2. The method according to claim 1, characterized in that that the system initialization when the system is restarted and / or when the system is restarted becomes. 3. The method according to claim 1 or 2, characterized records that the version numbers on the partial arithmetic existing software units in a list are entered, the version number of an activated software unit at the top of the list is. 4. The method according to claim 3, characterized in that the version number of a software unit by Set Enter a version attribute (GCS) into the list will.   5. The method according to any one of the preceding claims characterized by that in the list the second place version number of Soft goods units according to their update age in the Li are sorted in ascending order. 6. The method according to any one of the preceding claims, since characterized in that to activate a compatible non-activated software unit always few software unit is selected, the most recent Version status of the compatible non-activated soft units of goods. 7. The method according to any one of the preceding claims characterized in that ensuring the Compatibility between activated on sub-computer systems software units automatically during the systemini tialization of at least one such sub-computer system is carried out. 8.Procedure for data backup within a distributed computer system having several sub-computer systems (system A, system B), within which a data backup is initiated in each sub-computer system after a software change, which is synchronized in the respective sub-computer systems at synchronization points defined in the data backup process , depending on the current status of the backup process, the following steps are performed:

• a) data is backed up in each sub-computer system, which other sub-computer systems cannot access,
• b) data access blocking is activated in each sub-computer system,
• c) data is backed up in each sub-computer system, which other sub-computer systems can also access,
• d) the data access blocks are deactivated.

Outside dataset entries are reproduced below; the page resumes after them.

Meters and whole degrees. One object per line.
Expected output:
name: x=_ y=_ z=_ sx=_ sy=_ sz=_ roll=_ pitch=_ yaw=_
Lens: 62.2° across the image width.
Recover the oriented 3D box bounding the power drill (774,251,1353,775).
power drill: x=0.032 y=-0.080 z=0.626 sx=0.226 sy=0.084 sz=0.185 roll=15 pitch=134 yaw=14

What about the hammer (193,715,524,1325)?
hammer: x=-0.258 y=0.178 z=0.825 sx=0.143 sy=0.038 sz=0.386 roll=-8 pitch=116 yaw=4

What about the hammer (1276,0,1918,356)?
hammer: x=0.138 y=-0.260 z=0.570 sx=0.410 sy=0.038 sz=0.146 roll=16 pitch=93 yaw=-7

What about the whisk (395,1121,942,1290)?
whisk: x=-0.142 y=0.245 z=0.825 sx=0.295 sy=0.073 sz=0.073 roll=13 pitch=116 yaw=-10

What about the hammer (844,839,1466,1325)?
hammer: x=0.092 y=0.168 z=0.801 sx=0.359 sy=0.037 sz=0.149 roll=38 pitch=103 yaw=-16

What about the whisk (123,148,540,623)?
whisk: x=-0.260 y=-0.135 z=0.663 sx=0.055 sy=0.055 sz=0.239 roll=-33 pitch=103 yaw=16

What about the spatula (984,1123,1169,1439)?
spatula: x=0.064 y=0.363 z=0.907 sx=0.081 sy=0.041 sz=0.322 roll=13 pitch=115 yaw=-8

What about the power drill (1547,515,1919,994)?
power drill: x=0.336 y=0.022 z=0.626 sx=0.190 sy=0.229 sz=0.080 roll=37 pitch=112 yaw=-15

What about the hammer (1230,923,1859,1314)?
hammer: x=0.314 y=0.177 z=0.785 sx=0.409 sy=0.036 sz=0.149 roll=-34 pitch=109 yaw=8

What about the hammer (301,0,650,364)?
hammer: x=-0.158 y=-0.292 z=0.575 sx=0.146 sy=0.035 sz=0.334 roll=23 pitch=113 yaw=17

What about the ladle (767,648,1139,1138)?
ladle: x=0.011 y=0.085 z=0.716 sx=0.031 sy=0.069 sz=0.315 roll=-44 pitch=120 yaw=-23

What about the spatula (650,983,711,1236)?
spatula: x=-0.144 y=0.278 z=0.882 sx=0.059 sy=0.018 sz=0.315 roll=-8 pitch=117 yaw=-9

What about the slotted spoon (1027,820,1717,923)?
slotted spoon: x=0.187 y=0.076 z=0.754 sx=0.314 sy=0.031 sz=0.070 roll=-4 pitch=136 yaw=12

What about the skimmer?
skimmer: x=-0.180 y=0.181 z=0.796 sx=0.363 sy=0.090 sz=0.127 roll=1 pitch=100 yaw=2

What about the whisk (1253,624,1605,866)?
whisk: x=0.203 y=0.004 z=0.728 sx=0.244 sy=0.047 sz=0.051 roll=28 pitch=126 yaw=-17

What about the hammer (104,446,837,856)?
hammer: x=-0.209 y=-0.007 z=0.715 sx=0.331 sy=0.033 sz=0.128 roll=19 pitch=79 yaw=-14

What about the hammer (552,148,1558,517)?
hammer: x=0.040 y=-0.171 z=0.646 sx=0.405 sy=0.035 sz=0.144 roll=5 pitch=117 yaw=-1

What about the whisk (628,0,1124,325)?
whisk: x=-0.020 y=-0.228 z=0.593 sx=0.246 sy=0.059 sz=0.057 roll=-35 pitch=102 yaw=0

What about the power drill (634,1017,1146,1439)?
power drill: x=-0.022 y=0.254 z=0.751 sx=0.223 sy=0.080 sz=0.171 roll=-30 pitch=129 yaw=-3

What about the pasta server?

9. The method according to claim 8, characterized in that to synchronize the data backup Sub-computer systems at the synchronization points above notify that in a sub-computer system initiated data backup one to continue the Da has reached defined status. 10. The method according to claim 8 or 9, characterized records that the synchronization points by time distances are defined. 11. The method according to claim 8 or 9, characterized records that the synchronization points in the form of positions implemented in the software code are implemented. 12. The method according to any one of claims 8 to 11, characterized characterized in that after the backup of the Version status of the backed up data in the respective part computer system is deposited. 13. The method according to any one of claims 8 to 12, characterized characterized that the version of the saved data by setting one in the respective sub-computer stored version attributes (GCS) becomes. 14. The method according to any one of claims 8 to 13, characterized characterized that on the respective part computer backups running from a from a central location using control software be controlled.   15. The method according to any one of claims 8 to 14, characterized characterized that information about rejected Changes to the data to be backed up during the data handle blocking temporarily in a log file will keep the changes to the data after the To be able to remove the data access block. 16. The method according to any one of the preceding claims characterized in that it is in an intermediary system that has at least two computer systems (CP, SSNC) has, is applied.